» Work order
Reproduce exactly only the lines from the line that holds "- boat shoe <box>99,134,238,231</box>" to the line that holds "#9 sneaker [405,326,470,402]", inclusive, in the listing below, and please leave out every picture.

****************************************

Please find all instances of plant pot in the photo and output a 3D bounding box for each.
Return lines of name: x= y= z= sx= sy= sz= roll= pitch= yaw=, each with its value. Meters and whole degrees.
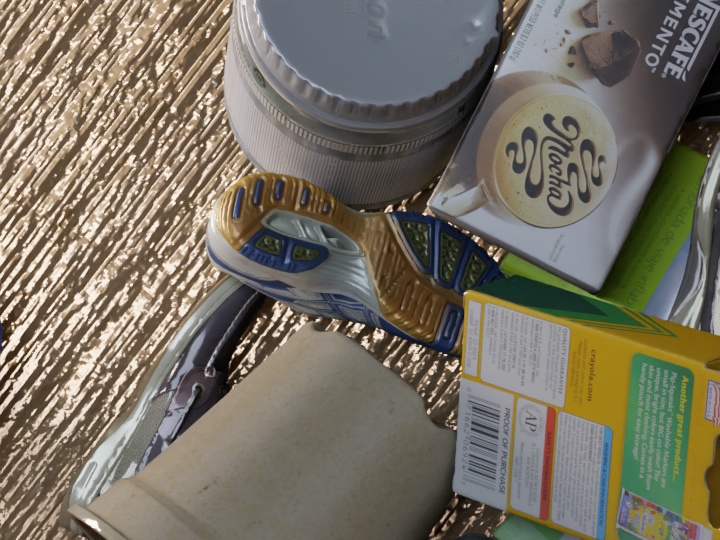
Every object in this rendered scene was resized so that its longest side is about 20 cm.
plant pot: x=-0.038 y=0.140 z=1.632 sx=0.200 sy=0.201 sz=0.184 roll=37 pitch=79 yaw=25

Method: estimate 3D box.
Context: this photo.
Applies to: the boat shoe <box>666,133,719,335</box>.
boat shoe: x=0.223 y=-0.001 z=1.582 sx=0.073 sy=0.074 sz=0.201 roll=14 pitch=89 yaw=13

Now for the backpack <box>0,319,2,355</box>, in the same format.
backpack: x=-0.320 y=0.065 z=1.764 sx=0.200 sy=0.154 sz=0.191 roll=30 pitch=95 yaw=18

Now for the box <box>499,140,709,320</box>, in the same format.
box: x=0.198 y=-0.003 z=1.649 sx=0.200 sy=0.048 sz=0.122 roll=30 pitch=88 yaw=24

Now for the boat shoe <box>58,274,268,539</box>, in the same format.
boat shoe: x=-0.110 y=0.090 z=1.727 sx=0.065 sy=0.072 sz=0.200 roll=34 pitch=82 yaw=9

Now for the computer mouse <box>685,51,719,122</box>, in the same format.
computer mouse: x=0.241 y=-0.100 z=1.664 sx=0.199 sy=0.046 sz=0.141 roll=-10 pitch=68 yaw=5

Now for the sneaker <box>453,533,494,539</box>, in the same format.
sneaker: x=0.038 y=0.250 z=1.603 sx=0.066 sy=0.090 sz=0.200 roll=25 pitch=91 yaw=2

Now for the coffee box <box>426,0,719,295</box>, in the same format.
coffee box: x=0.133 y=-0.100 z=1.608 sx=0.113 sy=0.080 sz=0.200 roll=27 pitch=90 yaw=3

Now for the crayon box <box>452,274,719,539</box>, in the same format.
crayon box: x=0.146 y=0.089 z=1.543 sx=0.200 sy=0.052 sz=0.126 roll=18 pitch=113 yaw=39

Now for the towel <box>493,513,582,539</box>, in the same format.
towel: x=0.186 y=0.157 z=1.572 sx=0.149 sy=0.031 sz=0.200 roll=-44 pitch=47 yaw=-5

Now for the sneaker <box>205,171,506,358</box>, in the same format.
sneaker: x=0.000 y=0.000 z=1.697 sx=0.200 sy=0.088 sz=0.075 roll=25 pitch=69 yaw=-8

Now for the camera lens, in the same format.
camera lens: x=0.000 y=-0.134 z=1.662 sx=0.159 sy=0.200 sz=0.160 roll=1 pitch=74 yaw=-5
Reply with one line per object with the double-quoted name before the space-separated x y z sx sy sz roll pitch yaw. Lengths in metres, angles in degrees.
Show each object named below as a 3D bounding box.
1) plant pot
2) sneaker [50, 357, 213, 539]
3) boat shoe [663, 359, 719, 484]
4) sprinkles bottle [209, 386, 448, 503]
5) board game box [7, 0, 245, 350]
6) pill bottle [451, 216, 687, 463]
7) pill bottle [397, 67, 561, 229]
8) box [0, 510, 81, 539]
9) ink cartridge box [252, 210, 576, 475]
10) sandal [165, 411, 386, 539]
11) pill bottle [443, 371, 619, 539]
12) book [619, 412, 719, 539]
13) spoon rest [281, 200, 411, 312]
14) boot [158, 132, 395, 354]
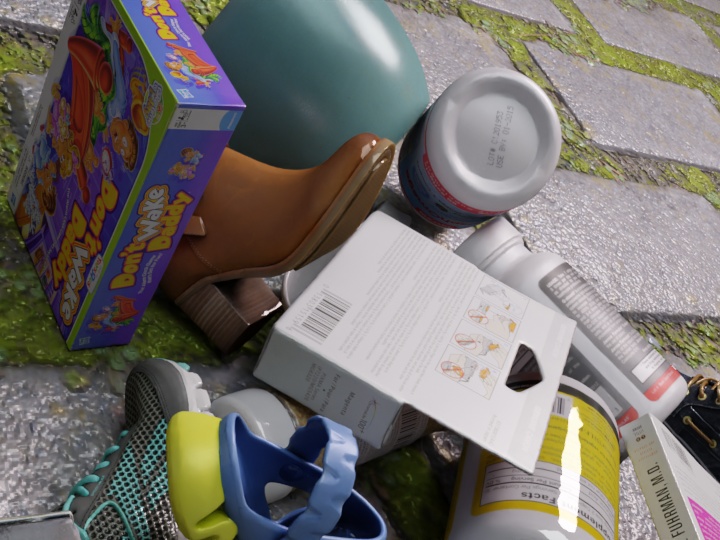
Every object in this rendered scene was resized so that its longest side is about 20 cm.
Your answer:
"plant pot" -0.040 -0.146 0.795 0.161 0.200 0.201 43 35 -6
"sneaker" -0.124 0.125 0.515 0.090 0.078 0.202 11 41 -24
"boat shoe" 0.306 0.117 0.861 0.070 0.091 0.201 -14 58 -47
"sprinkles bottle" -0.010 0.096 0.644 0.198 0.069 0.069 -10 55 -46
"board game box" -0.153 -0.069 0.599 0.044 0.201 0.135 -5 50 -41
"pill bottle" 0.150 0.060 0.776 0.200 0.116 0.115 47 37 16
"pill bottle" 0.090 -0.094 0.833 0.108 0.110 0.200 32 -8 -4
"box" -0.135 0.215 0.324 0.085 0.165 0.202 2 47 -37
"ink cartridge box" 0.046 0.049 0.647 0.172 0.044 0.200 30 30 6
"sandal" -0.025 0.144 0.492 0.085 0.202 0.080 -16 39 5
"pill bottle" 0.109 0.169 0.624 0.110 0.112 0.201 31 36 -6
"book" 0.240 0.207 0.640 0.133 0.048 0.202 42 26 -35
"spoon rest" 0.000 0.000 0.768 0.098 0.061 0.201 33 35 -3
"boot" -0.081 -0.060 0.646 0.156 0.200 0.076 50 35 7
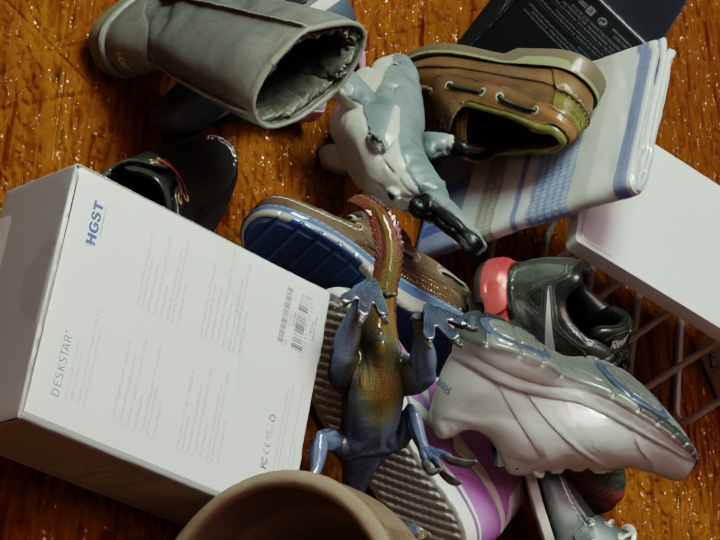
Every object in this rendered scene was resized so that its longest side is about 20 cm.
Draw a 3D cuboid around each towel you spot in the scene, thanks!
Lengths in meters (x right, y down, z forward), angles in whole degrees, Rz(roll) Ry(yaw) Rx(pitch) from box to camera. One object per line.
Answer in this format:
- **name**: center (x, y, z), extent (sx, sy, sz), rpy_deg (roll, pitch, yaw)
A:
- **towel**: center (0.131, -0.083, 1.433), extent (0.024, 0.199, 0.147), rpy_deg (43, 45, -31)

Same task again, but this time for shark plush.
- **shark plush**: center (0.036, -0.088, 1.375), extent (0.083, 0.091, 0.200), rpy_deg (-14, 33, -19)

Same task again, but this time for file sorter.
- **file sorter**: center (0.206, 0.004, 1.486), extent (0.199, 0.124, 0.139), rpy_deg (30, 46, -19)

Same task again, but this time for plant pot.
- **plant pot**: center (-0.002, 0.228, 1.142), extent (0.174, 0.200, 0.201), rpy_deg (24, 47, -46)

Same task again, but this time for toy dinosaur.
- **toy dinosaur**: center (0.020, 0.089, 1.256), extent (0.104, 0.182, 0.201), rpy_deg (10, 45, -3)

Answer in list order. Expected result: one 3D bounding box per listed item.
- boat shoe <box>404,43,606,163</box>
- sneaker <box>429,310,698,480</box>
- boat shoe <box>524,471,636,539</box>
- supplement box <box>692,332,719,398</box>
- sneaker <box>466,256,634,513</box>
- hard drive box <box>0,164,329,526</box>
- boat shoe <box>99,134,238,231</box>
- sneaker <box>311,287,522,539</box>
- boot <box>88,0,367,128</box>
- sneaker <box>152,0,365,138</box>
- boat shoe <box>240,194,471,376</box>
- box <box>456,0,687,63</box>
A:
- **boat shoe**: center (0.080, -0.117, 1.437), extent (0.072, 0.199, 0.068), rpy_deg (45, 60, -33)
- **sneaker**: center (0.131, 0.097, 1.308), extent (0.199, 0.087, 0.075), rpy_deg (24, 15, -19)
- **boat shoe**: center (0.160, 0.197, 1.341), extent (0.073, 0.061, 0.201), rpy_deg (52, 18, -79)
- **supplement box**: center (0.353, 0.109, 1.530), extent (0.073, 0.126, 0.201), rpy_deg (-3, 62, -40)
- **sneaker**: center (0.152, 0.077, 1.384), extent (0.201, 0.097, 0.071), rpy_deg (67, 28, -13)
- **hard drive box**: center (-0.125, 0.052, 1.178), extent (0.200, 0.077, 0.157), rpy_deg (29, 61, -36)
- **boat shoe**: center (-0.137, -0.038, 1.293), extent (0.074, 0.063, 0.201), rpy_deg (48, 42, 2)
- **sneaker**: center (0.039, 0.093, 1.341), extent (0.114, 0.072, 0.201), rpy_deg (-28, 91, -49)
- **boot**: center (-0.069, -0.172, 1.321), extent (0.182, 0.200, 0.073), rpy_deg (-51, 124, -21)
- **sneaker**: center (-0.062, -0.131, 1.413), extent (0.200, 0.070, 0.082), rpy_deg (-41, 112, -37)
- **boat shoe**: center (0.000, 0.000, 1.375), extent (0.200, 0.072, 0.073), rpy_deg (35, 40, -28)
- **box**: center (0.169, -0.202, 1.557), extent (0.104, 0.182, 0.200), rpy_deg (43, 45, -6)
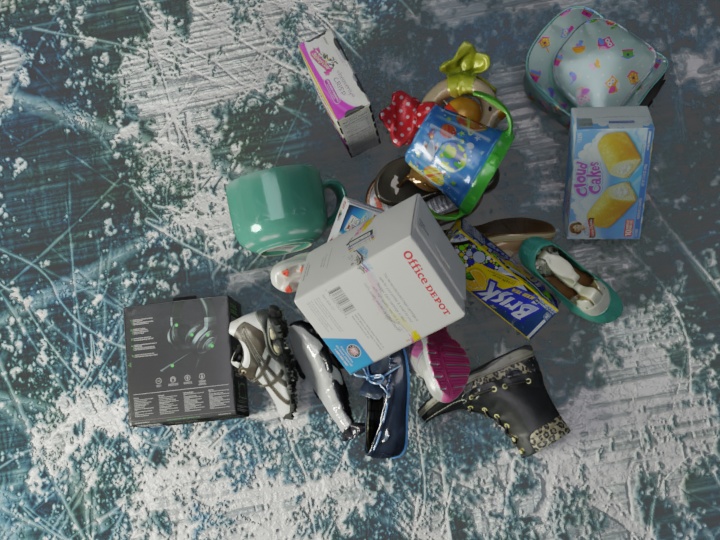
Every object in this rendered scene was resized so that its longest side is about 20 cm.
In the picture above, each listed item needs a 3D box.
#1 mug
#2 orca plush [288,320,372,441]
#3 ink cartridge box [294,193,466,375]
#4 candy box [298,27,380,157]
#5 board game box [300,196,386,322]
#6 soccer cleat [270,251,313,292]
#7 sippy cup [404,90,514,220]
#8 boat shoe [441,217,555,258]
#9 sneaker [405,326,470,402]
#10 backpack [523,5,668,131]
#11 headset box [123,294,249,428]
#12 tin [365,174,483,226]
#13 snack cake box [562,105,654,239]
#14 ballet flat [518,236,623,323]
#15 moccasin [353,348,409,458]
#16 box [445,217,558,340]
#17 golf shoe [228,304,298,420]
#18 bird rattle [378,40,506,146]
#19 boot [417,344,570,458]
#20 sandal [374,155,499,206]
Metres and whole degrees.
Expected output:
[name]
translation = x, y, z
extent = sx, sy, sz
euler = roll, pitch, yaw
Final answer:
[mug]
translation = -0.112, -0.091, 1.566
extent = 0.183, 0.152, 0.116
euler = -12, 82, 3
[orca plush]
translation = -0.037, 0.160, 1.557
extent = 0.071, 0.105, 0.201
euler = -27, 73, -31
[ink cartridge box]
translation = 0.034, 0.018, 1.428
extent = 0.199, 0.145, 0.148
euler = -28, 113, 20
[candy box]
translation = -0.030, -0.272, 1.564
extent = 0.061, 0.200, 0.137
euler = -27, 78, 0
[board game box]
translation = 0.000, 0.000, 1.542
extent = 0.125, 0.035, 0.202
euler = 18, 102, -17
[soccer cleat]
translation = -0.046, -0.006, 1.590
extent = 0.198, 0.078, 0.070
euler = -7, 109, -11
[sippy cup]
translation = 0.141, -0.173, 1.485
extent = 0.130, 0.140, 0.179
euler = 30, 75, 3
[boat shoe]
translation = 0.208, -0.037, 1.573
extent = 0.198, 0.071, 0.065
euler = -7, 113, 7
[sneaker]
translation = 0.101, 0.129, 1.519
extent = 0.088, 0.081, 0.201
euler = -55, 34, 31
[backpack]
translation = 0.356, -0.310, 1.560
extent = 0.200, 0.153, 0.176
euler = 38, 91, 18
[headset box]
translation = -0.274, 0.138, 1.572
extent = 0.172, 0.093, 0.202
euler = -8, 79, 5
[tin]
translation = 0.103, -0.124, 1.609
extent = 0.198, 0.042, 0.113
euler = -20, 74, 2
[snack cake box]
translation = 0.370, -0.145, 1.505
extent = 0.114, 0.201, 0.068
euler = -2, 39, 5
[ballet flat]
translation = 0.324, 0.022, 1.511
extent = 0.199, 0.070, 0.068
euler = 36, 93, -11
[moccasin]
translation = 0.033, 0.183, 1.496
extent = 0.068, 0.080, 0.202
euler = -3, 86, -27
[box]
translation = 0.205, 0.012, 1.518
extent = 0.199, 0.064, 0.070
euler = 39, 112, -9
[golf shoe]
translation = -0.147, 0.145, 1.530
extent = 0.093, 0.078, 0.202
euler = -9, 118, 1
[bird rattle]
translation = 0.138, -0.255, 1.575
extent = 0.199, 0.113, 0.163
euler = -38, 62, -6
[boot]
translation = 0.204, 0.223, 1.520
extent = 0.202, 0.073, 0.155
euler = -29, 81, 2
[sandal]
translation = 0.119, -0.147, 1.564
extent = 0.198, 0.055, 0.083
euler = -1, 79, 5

****************************************

» Task response
- boat shoe <box>99,134,238,231</box>
- sneaker <box>311,287,522,539</box>
- boot <box>88,0,367,128</box>
- sneaker <box>152,0,365,138</box>
- boat shoe <box>240,194,471,376</box>
- box <box>456,0,687,63</box>
A:
- **boat shoe**: center (0.080, -0.117, 1.437), extent (0.072, 0.199, 0.068), rpy_deg (45, 60, -33)
- **sneaker**: center (0.131, 0.097, 1.308), extent (0.199, 0.087, 0.075), rpy_deg (24, 15, -19)
- **boat shoe**: center (0.160, 0.197, 1.341), extent (0.073, 0.061, 0.201), rpy_deg (52, 18, -79)
- **supplement box**: center (0.353, 0.109, 1.530), extent (0.073, 0.126, 0.201), rpy_deg (-3, 62, -40)
- **sneaker**: center (0.152, 0.077, 1.384), extent (0.201, 0.097, 0.071), rpy_deg (67, 28, -13)
- **hard drive box**: center (-0.125, 0.052, 1.178), extent (0.200, 0.077, 0.157), rpy_deg (29, 61, -36)
- **boat shoe**: center (-0.137, -0.038, 1.293), extent (0.074, 0.063, 0.201), rpy_deg (48, 42, 2)
- **sneaker**: center (0.039, 0.093, 1.341), extent (0.114, 0.072, 0.201), rpy_deg (-28, 91, -49)
- **boot**: center (-0.069, -0.172, 1.321), extent (0.182, 0.200, 0.073), rpy_deg (-51, 124, -21)
- **sneaker**: center (-0.062, -0.131, 1.413), extent (0.200, 0.070, 0.082), rpy_deg (-41, 112, -37)
- **boat shoe**: center (0.000, 0.000, 1.375), extent (0.200, 0.072, 0.073), rpy_deg (35, 40, -28)
- **box**: center (0.169, -0.202, 1.557), extent (0.104, 0.182, 0.200), rpy_deg (43, 45, -6)
Every object in this rendered scene was resized so that its longest side is about 20 cm.
In the picture above, each listed item needs a 3D box.
#1 mug
#2 orca plush [288,320,372,441]
#3 ink cartridge box [294,193,466,375]
#4 candy box [298,27,380,157]
#5 board game box [300,196,386,322]
#6 soccer cleat [270,251,313,292]
#7 sippy cup [404,90,514,220]
#8 boat shoe [441,217,555,258]
#9 sneaker [405,326,470,402]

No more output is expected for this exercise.